──────── Raw data ────────
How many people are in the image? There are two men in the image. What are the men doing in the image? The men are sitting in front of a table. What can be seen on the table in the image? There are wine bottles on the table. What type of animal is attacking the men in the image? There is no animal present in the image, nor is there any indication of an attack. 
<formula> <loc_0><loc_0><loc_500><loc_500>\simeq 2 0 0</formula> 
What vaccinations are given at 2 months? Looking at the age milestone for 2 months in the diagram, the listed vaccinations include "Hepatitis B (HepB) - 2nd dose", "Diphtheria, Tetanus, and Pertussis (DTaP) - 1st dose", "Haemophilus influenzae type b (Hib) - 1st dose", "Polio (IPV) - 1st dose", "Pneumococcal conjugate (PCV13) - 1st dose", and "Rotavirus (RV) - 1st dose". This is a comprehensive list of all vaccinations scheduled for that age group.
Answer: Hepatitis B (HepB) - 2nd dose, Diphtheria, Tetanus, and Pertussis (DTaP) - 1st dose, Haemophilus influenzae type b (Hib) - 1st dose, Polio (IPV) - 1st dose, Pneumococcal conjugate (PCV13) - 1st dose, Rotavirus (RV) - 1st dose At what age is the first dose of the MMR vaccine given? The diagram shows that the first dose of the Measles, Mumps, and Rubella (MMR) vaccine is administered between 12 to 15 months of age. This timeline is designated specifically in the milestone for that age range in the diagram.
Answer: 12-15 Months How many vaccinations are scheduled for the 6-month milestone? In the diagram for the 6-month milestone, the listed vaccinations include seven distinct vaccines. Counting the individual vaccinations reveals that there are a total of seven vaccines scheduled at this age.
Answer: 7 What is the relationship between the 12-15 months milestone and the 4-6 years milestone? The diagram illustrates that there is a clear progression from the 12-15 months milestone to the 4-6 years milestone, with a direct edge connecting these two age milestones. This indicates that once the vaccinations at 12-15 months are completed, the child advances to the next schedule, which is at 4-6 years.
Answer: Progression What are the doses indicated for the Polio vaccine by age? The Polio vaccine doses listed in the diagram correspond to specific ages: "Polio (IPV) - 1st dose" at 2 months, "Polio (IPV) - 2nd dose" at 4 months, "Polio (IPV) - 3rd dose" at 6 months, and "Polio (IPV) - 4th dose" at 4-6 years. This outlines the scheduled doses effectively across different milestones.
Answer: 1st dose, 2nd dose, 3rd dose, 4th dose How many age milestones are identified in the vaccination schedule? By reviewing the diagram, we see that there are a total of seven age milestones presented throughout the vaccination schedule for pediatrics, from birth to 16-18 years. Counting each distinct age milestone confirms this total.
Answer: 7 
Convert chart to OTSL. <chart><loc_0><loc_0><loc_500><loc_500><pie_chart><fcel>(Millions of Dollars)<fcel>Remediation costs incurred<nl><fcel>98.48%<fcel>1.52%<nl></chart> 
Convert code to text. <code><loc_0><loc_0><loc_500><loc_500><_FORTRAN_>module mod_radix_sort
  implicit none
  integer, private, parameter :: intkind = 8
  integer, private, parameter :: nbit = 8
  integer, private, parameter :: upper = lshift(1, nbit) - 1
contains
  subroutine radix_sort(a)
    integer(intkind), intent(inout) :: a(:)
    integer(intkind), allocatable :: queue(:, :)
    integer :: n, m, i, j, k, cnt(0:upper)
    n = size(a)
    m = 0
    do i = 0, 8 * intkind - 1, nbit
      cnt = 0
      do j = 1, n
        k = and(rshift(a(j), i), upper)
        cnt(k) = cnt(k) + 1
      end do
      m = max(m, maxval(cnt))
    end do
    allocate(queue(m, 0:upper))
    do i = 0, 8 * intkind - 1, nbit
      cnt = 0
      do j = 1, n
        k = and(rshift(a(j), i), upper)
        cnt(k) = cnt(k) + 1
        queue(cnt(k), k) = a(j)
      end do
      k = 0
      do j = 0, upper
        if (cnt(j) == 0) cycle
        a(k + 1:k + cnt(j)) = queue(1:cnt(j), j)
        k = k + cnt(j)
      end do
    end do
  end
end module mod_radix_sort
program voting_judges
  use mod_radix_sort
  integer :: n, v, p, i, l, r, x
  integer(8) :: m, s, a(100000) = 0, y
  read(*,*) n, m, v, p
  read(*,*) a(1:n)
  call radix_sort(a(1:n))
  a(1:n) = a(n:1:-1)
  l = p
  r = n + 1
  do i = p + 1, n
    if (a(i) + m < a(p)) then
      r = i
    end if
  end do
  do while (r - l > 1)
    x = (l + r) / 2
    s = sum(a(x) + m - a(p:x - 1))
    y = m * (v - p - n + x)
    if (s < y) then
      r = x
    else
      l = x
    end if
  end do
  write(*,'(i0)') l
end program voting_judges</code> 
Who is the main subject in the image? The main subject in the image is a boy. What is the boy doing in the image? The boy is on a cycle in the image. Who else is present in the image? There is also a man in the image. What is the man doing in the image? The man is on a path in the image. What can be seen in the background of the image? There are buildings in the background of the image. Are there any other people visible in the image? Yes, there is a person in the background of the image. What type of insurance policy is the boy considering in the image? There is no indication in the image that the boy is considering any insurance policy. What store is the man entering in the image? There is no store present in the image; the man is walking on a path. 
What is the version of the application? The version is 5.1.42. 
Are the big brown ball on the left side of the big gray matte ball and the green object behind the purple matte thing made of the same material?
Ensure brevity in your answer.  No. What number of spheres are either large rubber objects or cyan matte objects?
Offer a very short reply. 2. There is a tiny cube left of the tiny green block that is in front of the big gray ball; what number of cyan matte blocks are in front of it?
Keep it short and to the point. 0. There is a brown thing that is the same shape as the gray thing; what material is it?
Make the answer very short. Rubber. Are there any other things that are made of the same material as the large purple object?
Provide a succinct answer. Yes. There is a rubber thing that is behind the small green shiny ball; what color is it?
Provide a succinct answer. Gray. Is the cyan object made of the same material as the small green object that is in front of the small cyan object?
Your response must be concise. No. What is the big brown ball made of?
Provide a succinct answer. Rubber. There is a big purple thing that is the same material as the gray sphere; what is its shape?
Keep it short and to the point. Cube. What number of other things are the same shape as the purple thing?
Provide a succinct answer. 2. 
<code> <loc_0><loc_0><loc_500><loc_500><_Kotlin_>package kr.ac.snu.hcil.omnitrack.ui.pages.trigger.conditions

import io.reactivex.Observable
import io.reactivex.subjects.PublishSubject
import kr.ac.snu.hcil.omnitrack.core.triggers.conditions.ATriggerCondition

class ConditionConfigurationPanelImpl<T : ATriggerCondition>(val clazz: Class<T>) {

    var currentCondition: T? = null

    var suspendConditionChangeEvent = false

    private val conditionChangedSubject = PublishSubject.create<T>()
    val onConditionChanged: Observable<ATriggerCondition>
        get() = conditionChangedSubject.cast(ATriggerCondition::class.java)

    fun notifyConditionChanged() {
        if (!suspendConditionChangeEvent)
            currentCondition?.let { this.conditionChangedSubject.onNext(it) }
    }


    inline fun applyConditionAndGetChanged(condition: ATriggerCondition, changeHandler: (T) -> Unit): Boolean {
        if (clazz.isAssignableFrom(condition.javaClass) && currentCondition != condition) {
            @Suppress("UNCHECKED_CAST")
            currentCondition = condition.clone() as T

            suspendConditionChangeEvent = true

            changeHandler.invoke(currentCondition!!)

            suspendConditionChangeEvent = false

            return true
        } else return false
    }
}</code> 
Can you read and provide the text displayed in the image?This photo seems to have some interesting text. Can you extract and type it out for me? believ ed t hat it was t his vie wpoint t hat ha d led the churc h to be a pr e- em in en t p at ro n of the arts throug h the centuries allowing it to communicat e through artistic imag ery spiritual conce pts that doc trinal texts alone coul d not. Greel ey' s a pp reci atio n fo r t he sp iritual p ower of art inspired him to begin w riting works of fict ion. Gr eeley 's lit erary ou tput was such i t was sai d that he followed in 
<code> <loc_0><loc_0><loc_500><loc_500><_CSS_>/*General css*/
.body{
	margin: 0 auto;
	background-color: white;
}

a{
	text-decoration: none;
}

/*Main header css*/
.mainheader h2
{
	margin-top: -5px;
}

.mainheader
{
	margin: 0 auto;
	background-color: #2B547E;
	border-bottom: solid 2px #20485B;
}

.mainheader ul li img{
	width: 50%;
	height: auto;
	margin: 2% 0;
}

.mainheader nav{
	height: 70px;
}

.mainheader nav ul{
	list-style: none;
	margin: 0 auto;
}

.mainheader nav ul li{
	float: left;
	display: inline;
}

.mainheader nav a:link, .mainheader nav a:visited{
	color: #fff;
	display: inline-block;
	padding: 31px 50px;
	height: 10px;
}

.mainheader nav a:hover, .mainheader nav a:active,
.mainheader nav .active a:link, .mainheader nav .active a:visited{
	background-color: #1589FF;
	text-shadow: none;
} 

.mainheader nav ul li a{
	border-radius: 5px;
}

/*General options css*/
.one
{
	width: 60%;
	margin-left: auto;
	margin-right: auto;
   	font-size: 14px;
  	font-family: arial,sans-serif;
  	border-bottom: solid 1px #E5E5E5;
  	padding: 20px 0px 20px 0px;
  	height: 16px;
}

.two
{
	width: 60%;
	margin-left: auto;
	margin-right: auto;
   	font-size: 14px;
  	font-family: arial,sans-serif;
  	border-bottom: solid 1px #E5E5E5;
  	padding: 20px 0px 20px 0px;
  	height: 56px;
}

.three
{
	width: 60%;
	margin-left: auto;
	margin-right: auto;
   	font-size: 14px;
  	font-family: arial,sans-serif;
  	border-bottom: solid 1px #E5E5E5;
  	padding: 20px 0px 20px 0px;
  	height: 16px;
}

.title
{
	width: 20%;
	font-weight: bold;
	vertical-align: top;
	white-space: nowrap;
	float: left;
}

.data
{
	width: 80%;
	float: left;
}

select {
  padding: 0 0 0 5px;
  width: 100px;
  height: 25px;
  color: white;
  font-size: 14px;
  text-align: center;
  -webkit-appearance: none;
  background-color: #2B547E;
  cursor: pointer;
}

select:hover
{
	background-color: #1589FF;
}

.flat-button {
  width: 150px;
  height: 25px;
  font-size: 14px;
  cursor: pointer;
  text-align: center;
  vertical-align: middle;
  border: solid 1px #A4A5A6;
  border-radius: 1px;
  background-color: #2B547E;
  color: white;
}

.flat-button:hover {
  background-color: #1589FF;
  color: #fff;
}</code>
────────
▶ _What you are asked to do_
Starting from the top of the records and ending at the line that contains "<formula> <loc_0><loc_0><loc_500><loc_500>\simeq 2", repeat each line exactly and return only those lines.

▶ _Answer to this task_
How many people are in the image? There are two men in the image. What are the men doing in the image? The men are sitting in front of a table. What can be seen on the table in the image? There are wine bottles on the table. What type of animal is attacking the men in the image? There is no animal present in the image, nor is there any indication of an attack. 
<formula> <loc_0><loc_0><loc_500><loc_500>\simeq 2 0 0</formula> 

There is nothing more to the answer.